Le cadre rouge marque la zone où la neige aurait lieu. Crédit :Fig. de Levermann et al 2019.
Une équipe de chercheurs du Potsdam Institute for Climate Impact Research (PIK) examine maintenant un moyen audacieux de stabiliser la calotte glaciaire :générer des milliards de tonnes de neige supplémentaire en pompant l'eau de l'océan sur les glaciers et en la distribuant avec des canons à neige. Cela signifierait des efforts d'ingénierie sans précédent et un risque environnemental substantiel dans l'une des dernières régions vierges du monde – pour empêcher l'élévation à long terme du niveau de la mer dans certaines des zones les plus densément peuplées du monde le long des côtes des États-Unis à la Chine.
"Le compromis fondamental est de savoir si nous, en tant qu'humanité, voulons sacrifier l'Antarctique pour protéger les régions côtières actuellement habitées et le patrimoine culturel que nous avons construit et construisons sur nos côtes. Il s'agit de métropoles mondiales, de New York à Shanghai, qui à long terme sera en dessous du niveau de la mer si rien n'est fait" explique Anders Levermann, physicien à l'Institut de Potsdam pour la recherche sur l'impact climatique (PIK) et à l'Université de Columbia et l'un des auteurs de l'étude. "La calotte glaciaire de l'Antarctique occidental est l'un des éléments de basculement de notre système climatique. La perte de glace s'accélère et pourrait ne pas s'arrêter tant que la calotte glaciaire de l'Antarctique occidental n'aura pratiquement pas disparu."
Des mesures sans précédent pour stabiliser la calotte glaciaire
Des courants océaniques chauds ont atteint le secteur de la mer d'Amundsen dans l'Antarctique occidental, une région comprenant plusieurs glaciers sujets à l'instabilité en raison de leur configuration topographique. La fonte sous-marine de ces glaciers a déclenché leur accélération et leur retrait. Ceci est déjà maintenant responsable de la plus grande perte de glace du continent et contribue à accélérer l'élévation du niveau de la mer dans le monde. Dans leur étude, les chercheurs utilisent des simulations informatiques pour projeter la perte de glace dynamique dans le futur. Ils confirment des études antérieures suggérant que même une forte réduction des émissions de gaz à effet de serre pourrait ne pas empêcher l'effondrement de la calotte glaciaire de l'Antarctique occidental.
"Nous avons donc étudié ce qui pourrait arrêter un effondrement potentiel dans nos simulations et augmenté les chutes de neige dans la région déstabilisée bien au-delà des observations, " déclare le co-auteur de PIK Johannes Feldmann. " En fait, nous constatons qu'une quantité énorme de neige peut en effet repousser la calotte glaciaire vers un régime stable et stopper l'instabilité. En pratique, cela pourrait être réalisé par une énorme redisposition des masses d'eau - pompées hors de l'océan et enneigées sur la calotte glaciaire à un rythme de plusieurs centaines de milliards de tonnes par an pendant quelques décennies."

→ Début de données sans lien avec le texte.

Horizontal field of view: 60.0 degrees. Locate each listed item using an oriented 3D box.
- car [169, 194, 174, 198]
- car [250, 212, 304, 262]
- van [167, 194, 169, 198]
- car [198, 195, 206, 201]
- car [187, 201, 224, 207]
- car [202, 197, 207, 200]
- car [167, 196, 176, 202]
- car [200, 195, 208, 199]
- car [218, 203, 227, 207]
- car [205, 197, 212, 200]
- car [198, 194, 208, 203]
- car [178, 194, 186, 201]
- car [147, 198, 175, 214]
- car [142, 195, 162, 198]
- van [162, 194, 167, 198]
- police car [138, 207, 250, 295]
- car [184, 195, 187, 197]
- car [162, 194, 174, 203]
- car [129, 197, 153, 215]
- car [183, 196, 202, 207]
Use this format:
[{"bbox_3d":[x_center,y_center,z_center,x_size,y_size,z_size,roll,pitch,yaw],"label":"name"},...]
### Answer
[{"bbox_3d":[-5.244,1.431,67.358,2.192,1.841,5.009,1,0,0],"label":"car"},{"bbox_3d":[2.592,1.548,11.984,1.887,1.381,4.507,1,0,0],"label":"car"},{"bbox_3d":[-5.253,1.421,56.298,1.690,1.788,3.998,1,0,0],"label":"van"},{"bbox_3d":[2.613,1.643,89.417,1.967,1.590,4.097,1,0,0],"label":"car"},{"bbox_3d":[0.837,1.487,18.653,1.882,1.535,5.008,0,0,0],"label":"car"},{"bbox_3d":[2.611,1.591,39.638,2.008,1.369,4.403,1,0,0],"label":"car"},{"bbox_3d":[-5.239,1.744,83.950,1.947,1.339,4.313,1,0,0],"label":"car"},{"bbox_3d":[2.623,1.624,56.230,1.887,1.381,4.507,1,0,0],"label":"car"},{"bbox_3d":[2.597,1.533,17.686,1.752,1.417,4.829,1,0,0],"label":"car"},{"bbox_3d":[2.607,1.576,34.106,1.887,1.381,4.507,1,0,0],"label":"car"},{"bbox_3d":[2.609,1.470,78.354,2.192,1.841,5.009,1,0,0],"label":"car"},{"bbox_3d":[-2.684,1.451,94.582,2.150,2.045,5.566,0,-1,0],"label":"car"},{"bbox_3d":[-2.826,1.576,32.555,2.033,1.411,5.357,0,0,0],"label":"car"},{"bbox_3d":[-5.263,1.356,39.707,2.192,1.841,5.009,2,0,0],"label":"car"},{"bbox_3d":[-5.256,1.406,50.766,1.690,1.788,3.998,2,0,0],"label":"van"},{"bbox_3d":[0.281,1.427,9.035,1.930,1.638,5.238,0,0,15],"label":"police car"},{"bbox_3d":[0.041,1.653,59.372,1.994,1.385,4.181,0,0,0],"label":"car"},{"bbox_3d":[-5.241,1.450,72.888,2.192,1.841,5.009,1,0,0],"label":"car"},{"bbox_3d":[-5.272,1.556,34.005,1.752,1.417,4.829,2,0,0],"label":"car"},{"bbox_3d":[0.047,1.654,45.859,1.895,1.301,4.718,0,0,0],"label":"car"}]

Un formidable compromis entre aléas et espoirs
"Nous sommes pleinement conscients du caractère perturbateur qu'aurait une telle intervention, " ajoute Feldmann. le dessalement et le chauffage de l'eau de mer ainsi que l'alimentation des canons à neige nécessiteraient une quantité d'énergie électrique de l'ordre de plusieurs dizaines de milliers d'éoliennes haut de gamme. « La mise en place d'un tel parc éolien et de l'infrastructure supplémentaire dans la mer d'Amundsen et l'extraction massive d'eau de mer elle-même signifieraient essentiellement la perte d'une réserve naturelle unique. De plus, le climat rigoureux de l'Antarctique rend les défis techniques difficiles à anticiper et à gérer tandis que les impacts dangereux potentiels sur la région sont susceptibles d'être dévastateurs. "Aussi, notre étude ne considère pas le futur réchauffement climatique d'origine humaine. Par conséquent, cette entreprise gigantesque n'a de sens que si l'Accord de Paris sur le climat est respecté et que les émissions de carbone sont réduites rapidement et sans équivoque. »
"L'absurdité apparente de la tentative de laisser neiger en Antarctique pour arrêter une instabilité des glaces reflète la dimension époustouflante du problème du niveau de la mer, " conclut Levermann. " Pourtant, en tant que scientifiques, nous pensons qu'il est de notre devoir d'informer la société sur chaque option potentielle pour contrer les problèmes à venir. Aussi incroyable que cela puisse paraître :Afin de prévenir un risque sans précédent, l'humanité devra peut-être faire un effort sans précédent, trop."